[Data entries]

================================

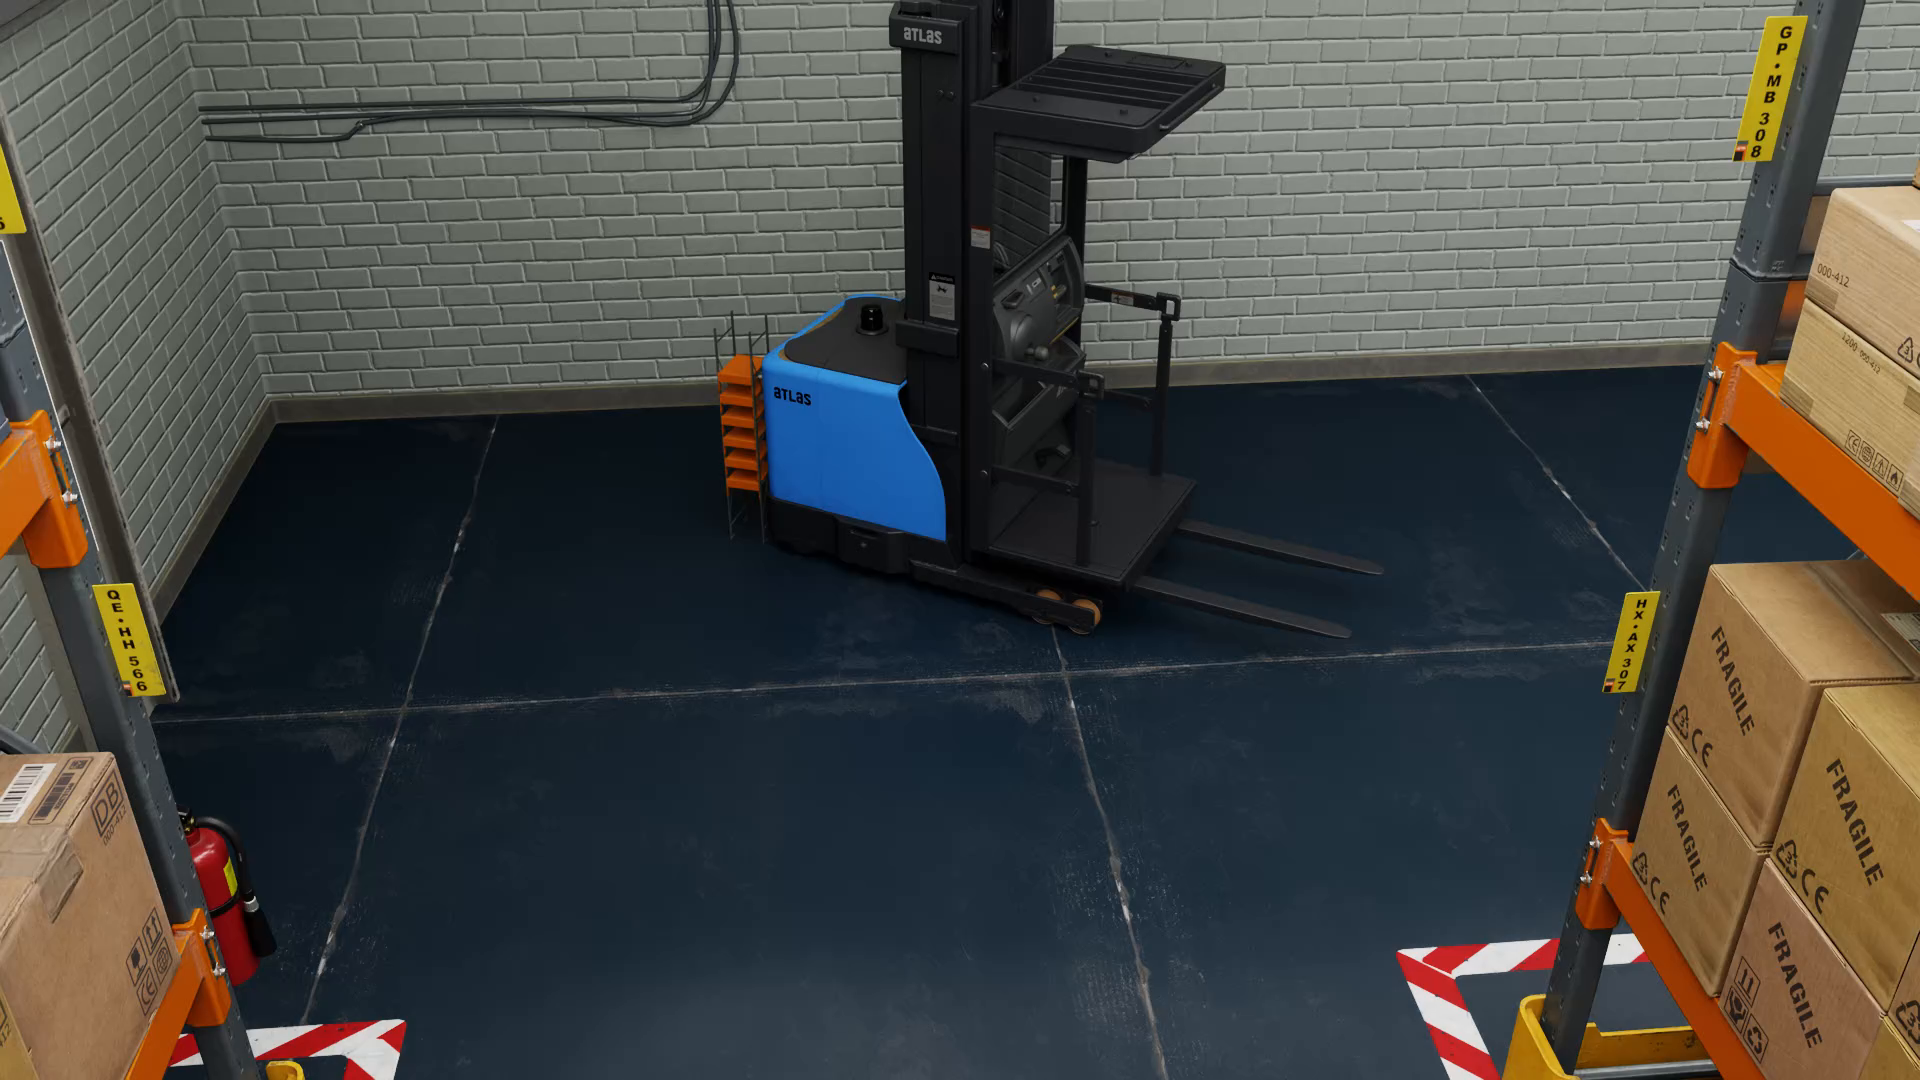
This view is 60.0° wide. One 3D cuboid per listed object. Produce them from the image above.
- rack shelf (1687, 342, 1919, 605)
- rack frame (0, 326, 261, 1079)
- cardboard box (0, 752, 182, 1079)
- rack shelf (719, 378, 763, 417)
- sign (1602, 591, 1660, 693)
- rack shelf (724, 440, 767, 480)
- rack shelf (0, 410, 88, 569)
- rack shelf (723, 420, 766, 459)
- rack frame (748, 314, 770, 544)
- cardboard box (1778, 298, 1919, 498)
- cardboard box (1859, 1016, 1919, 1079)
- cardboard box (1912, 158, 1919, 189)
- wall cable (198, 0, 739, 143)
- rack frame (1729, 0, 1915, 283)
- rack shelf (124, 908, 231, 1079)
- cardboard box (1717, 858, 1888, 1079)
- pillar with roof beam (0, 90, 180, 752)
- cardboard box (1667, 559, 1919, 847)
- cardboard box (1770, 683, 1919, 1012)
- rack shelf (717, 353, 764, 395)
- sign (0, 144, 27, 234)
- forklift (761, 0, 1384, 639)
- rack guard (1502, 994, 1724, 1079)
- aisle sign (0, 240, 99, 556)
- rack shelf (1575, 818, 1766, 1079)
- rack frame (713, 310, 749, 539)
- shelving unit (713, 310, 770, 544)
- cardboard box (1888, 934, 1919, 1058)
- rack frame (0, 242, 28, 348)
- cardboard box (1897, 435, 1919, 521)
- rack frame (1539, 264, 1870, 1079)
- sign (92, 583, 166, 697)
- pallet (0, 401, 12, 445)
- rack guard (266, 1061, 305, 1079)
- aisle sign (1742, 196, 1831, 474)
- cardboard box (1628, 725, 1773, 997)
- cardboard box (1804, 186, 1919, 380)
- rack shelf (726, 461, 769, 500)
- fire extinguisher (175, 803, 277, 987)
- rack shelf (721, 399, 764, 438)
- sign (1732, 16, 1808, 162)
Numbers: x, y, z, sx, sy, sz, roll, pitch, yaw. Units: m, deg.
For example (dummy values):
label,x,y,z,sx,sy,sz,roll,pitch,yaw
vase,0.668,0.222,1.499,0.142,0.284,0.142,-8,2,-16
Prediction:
label,x,y,z,sx,sy,sz,roll,pitch,yaw
rack shelf,2.551,0.667,2.484,1.077,0.370,4.000,-3,31,-5
rack frame,-2.568,0.864,4.378,1.000,3.000,0.127,-3,31,-5
cardboard box,-2.510,0.996,3.866,0.980,0.700,0.700,-1,31,-2
rack shelf,-1.085,-0.734,8.427,0.180,0.103,0.258,8,32,13
sign,1.824,0.280,4.512,0.100,0.325,0.005,-3,31,-5
rack shelf,-1.085,-0.425,8.611,0.180,0.103,0.258,8,32,13
rack shelf,-2.381,0.907,2.083,1.077,0.370,4.000,-3,31,-5
rack shelf,-1.085,-0.528,8.550,0.180,0.103,0.258,8,32,13
rack frame,-0.997,-0.553,8.506,0.006,1.200,0.240,8,32,13
cardboard box,2.159,-0.324,3.588,0.500,0.250,0.500,-3,31,-5
cardboard box,2.240,1.341,3.482,0.500,0.500,0.500,-3,31,-5
cardboard box,2.428,-0.873,3.289,0.700,0.500,0.500,-3,31,-5
wall cable,-2.740,-3.283,8.499,3.097,2.526,0.112,-3,31,-5
rack frame,2.364,-1.950,3.240,1.000,3.000,0.127,-3,31,-5
rack shelf,-2.381,2.194,2.853,1.077,0.370,4.000,-3,31,-5
cardboard box,2.196,1.085,3.911,0.500,0.500,0.500,-3,31,-5
pillar with roof beam,0.605,-3.254,5.423,9.100,9.000,0.400,-3,31,-5
cardboard box,2.143,0.392,4.096,0.500,0.500,0.500,-2,31,-3
cardboard box,2.199,0.659,3.649,0.500,0.500,0.500,-2,31,-4
rack shelf,-1.085,-0.837,8.365,0.180,0.103,0.258,8,32,13
sign,-2.026,-0.788,3.433,0.100,0.325,0.005,-3,31,-5
forklift,0.559,-1.117,7.762,3.031,2.935,1.130,14,34,22
rack guard,2.371,1.737,5.354,1.175,0.500,0.348,-3,31,-5
aisle sign,-2.276,-0.303,3.797,0.394,0.787,0.004,-3,31,-5
rack shelf,2.551,1.955,3.253,1.077,0.370,4.000,-3,31,-5
rack frame,-1.173,-0.578,8.548,0.006,1.200,0.240,8,32,13
shelving unit,-1.085,-0.566,8.527,0.189,1.200,0.258,8,32,13
cardboard box,2.241,0.914,3.221,0.500,0.500,0.500,-2,31,-4
rack frame,-2.568,-1.711,2.839,1.000,3.000,0.127,-3,31,-5
cardboard box,2.193,-0.068,3.159,0.500,0.250,0.500,-3,31,-5
rack frame,2.364,0.625,4.778,1.000,3.000,0.127,-3,31,-5
sign,-2.026,0.247,4.052,0.100,0.325,0.005,-3,31,-5
pallet,-2.488,-0.007,2.998,1.003,0.211,1.213,-3,31,-5
rack guard,-2.570,1.925,5.039,1.175,0.500,0.348,-3,31,-5
aisle sign,2.065,-0.512,4.146,0.394,0.787,0.004,-3,31,-5
cardboard box,2.143,0.821,4.352,0.500,0.500,0.500,-2,31,-4
cardboard box,2.153,-0.538,3.459,0.500,0.250,0.500,-3,31,-5
rack shelf,-1.085,-0.322,8.673,0.180,0.103,0.258,8,32,13
fire extinguisher,-2.122,0.959,4.659,0.296,0.674,0.183,-3,31,-5
rack shelf,-1.085,-0.631,8.488,0.180,0.103,0.258,8,32,13
sign,1.824,-1.012,3.741,0.100,0.325,0.005,-3,31,-5
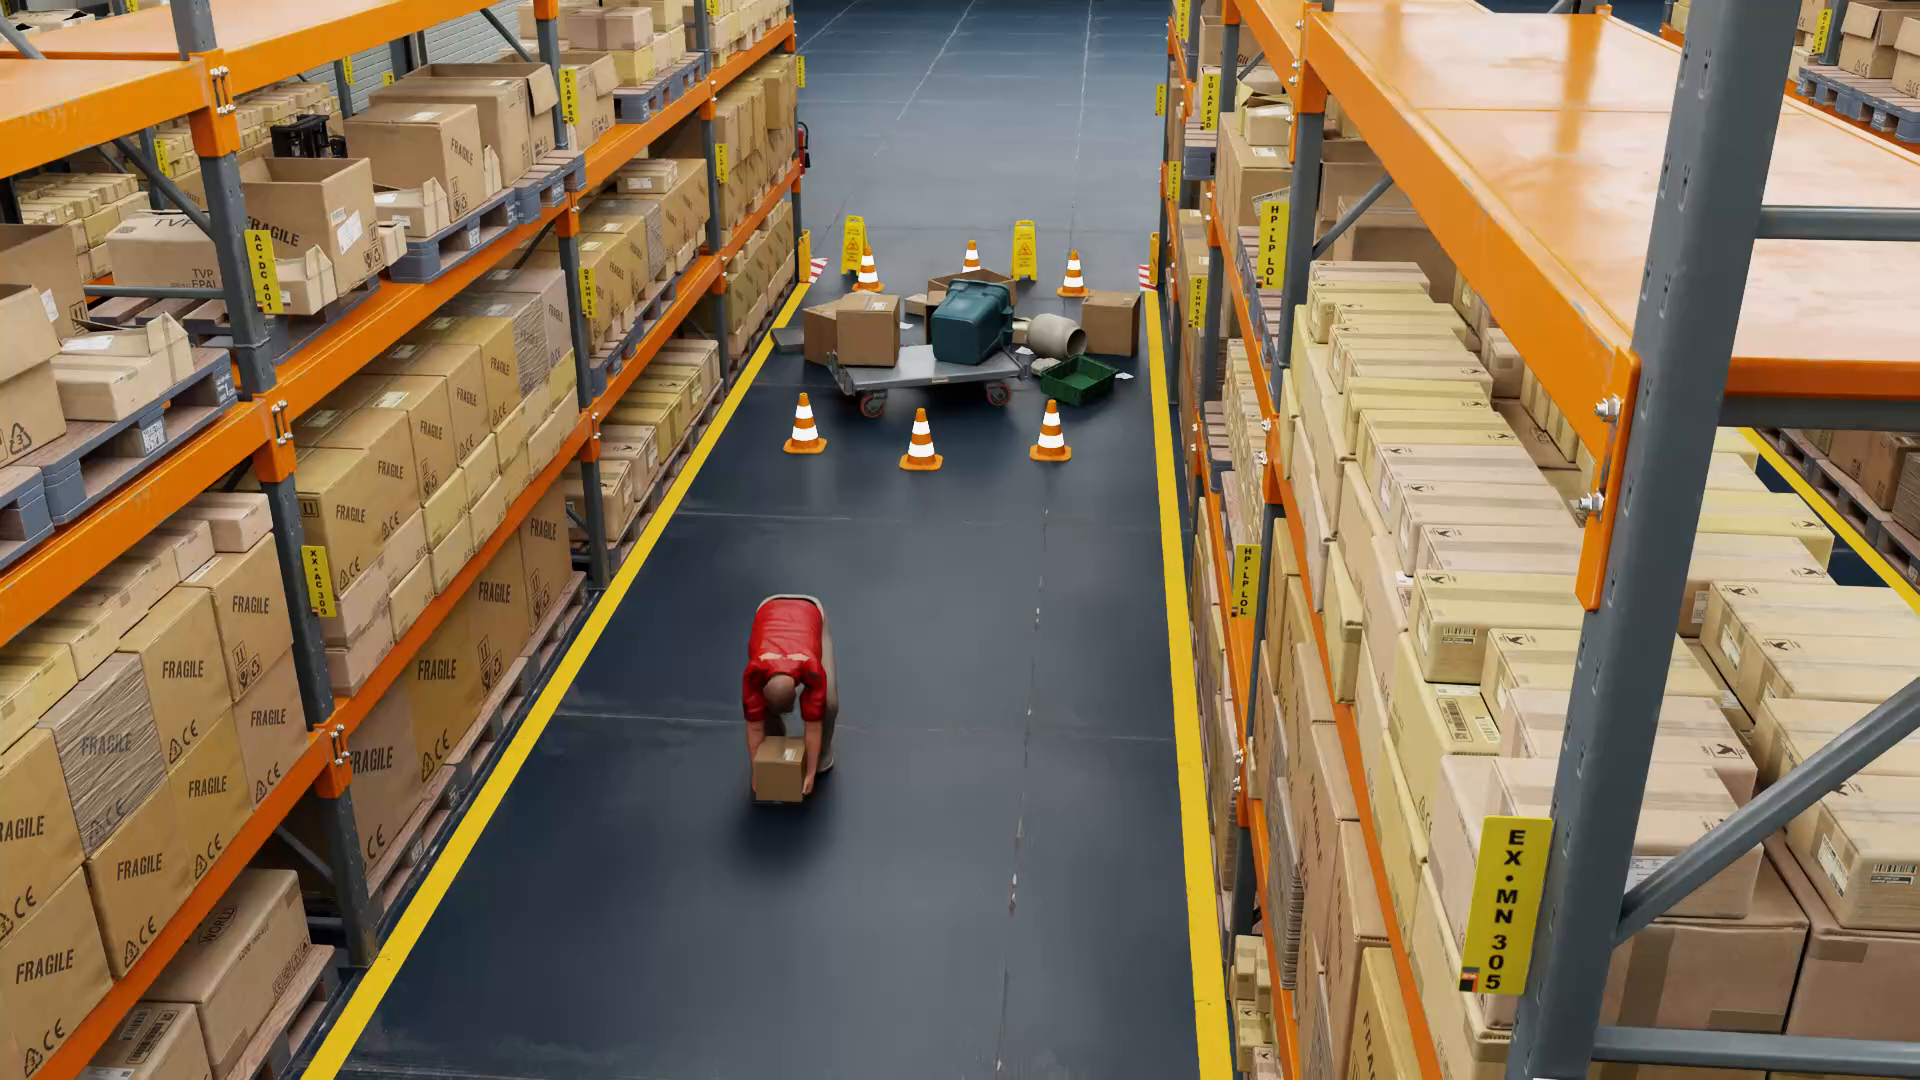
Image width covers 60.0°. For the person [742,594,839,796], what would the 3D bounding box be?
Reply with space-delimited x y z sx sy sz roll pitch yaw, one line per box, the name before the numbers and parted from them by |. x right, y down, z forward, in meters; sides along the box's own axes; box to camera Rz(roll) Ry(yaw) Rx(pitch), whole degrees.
person | -0.938 0.881 8.999 0.516 0.976 0.903 1 24 1

================================

Copy the lines above exactly, beginning at the line that has "- sign (1602, 591, 1660, 693)" and stopping after the line that has "vase,0.668,0.222,1.499,0.142,0.284,0.142,-8,2,-16", and omit the rest.

Exercise output
- sign (1602, 591, 1660, 693)
- rack shelf (724, 440, 767, 480)
- rack shelf (0, 410, 88, 569)
- rack shelf (723, 420, 766, 459)
- rack frame (748, 314, 770, 544)
- cardboard box (1778, 298, 1919, 498)
- cardboard box (1859, 1016, 1919, 1079)
- cardboard box (1912, 158, 1919, 189)
- wall cable (198, 0, 739, 143)
- rack frame (1729, 0, 1915, 283)
- rack shelf (124, 908, 231, 1079)
- cardboard box (1717, 858, 1888, 1079)
- pillar with roof beam (0, 90, 180, 752)
- cardboard box (1667, 559, 1919, 847)
- cardboard box (1770, 683, 1919, 1012)
- rack shelf (717, 353, 764, 395)
- sign (0, 144, 27, 234)
- forklift (761, 0, 1384, 639)
- rack guard (1502, 994, 1724, 1079)
- aisle sign (0, 240, 99, 556)
- rack shelf (1575, 818, 1766, 1079)
- rack frame (713, 310, 749, 539)
- shelving unit (713, 310, 770, 544)
- cardboard box (1888, 934, 1919, 1058)
- rack frame (0, 242, 28, 348)
- cardboard box (1897, 435, 1919, 521)
- rack frame (1539, 264, 1870, 1079)
- sign (92, 583, 166, 697)
- pallet (0, 401, 12, 445)
- rack guard (266, 1061, 305, 1079)
- aisle sign (1742, 196, 1831, 474)
- cardboard box (1628, 725, 1773, 997)
- cardboard box (1804, 186, 1919, 380)
- rack shelf (726, 461, 769, 500)
- fire extinguisher (175, 803, 277, 987)
- rack shelf (721, 399, 764, 438)
- sign (1732, 16, 1808, 162)
Numbers: x, y, z, sx, sy, sz, roll, pitch, yaw. Units: m, deg.
For example (dummy values):
label,x,y,z,sx,sy,sz,roll,pitch,yaw
vase,0.668,0.222,1.499,0.142,0.284,0.142,-8,2,-16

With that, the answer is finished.